* [Supplied records]:
┌──

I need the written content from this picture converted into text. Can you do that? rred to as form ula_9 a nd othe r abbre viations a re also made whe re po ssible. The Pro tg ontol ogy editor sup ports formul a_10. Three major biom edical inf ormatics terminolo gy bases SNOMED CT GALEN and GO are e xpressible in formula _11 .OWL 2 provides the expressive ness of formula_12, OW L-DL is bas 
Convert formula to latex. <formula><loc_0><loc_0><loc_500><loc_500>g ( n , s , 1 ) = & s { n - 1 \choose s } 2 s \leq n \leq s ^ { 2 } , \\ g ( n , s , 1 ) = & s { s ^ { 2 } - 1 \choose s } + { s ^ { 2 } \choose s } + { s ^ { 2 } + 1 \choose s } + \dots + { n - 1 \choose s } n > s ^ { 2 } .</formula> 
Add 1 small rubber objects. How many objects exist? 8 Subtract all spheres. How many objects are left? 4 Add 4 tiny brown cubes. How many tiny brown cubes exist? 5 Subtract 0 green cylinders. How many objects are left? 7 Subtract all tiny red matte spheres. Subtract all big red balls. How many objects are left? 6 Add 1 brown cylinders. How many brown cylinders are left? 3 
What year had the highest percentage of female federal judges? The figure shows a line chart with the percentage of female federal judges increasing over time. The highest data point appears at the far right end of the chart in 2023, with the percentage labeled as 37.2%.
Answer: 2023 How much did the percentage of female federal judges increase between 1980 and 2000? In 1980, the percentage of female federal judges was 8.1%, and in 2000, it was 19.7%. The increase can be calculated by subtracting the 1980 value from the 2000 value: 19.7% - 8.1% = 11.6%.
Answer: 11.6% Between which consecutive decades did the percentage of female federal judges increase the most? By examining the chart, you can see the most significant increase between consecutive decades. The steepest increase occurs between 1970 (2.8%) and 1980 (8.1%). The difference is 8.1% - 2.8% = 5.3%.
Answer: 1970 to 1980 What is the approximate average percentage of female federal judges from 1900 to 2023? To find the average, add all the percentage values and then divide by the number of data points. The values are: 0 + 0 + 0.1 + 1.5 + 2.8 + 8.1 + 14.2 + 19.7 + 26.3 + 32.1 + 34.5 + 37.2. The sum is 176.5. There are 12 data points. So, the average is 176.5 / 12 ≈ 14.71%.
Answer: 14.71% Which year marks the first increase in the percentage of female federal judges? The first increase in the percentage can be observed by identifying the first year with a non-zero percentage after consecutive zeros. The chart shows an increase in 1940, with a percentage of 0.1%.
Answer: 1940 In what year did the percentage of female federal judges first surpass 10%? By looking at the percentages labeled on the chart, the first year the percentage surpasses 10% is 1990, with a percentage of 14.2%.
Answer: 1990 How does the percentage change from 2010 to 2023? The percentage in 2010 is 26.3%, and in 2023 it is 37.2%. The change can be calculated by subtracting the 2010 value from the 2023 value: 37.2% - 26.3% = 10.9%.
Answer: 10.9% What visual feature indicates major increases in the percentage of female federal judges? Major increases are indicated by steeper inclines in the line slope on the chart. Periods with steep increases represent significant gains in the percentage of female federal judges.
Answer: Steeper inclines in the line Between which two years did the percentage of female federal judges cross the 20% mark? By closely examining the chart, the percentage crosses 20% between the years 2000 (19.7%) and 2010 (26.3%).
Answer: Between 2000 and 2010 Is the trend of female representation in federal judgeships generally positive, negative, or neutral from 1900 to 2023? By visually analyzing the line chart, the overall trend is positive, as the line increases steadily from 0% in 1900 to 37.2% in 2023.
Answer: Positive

└──
┌──

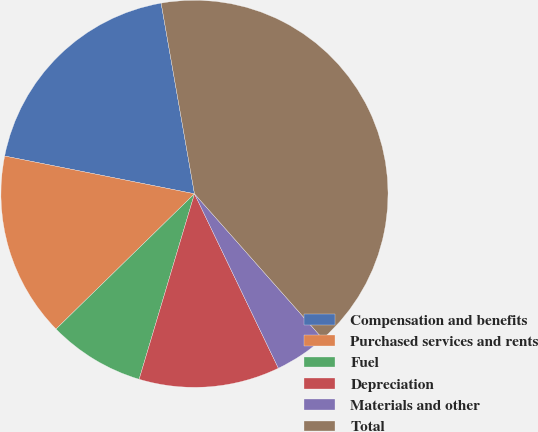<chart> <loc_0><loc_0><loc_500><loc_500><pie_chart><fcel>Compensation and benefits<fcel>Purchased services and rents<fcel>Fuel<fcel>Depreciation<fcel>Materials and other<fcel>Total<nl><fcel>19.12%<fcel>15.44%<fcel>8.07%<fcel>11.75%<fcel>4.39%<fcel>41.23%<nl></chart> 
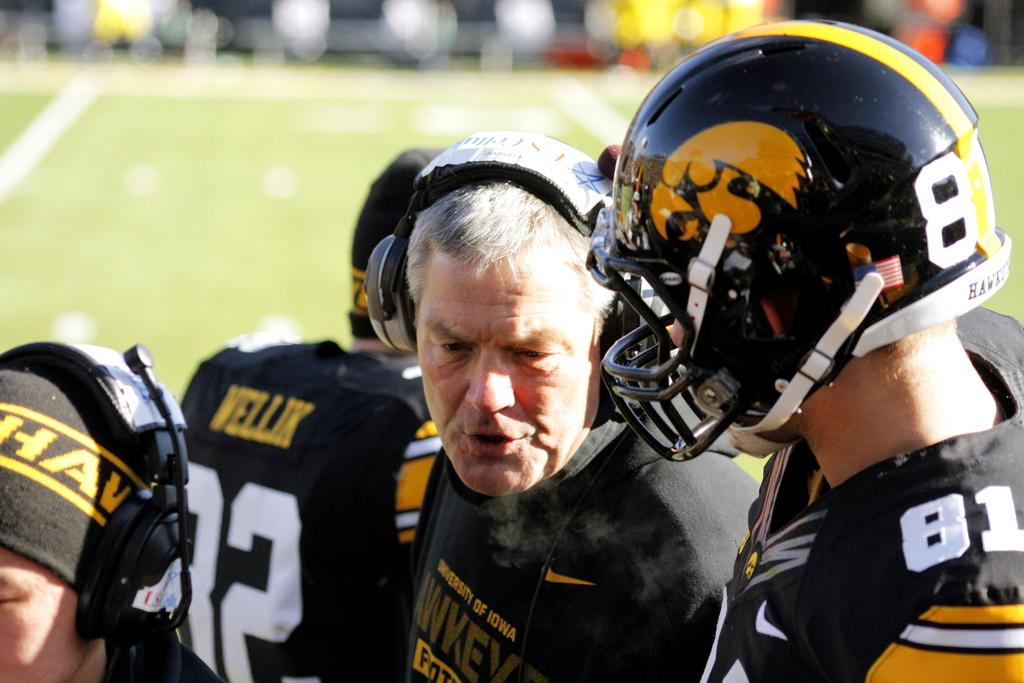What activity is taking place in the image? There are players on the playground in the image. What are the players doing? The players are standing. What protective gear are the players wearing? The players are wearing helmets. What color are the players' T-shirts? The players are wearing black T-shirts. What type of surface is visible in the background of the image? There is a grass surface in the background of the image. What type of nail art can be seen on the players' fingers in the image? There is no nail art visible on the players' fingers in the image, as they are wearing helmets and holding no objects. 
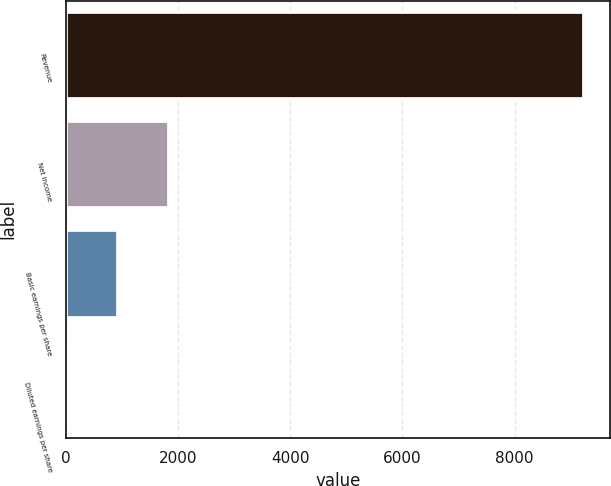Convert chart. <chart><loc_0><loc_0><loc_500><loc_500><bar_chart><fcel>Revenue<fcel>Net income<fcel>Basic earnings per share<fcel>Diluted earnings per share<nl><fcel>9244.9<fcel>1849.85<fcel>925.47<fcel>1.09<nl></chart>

└──

* [Exercise goal]:
Write out exactly the lines above from the line with "Answer: 10.9% What" through the line with "Answer: Positive", both of them included, and leave out all other lines.

* [Exercise response]:
Answer: 10.9% What visual feature indicates major increases in the percentage of female federal judges? Major increases are indicated by steeper inclines in the line slope on the chart. Periods with steep increases represent significant gains in the percentage of female federal judges.
Answer: Steeper inclines in the line Between which two years did the percentage of female federal judges cross the 20% mark? By closely examining the chart, the percentage crosses 20% between the years 2000 (19.7%) and 2010 (26.3%).
Answer: Between 2000 and 2010 Is the trend of female representation in federal judgeships generally positive, negative, or neutral from 1900 to 2023? By visually analyzing the line chart, the overall trend is positive, as the line increases steadily from 0% in 1900 to 37.2% in 2023.
Answer: Positive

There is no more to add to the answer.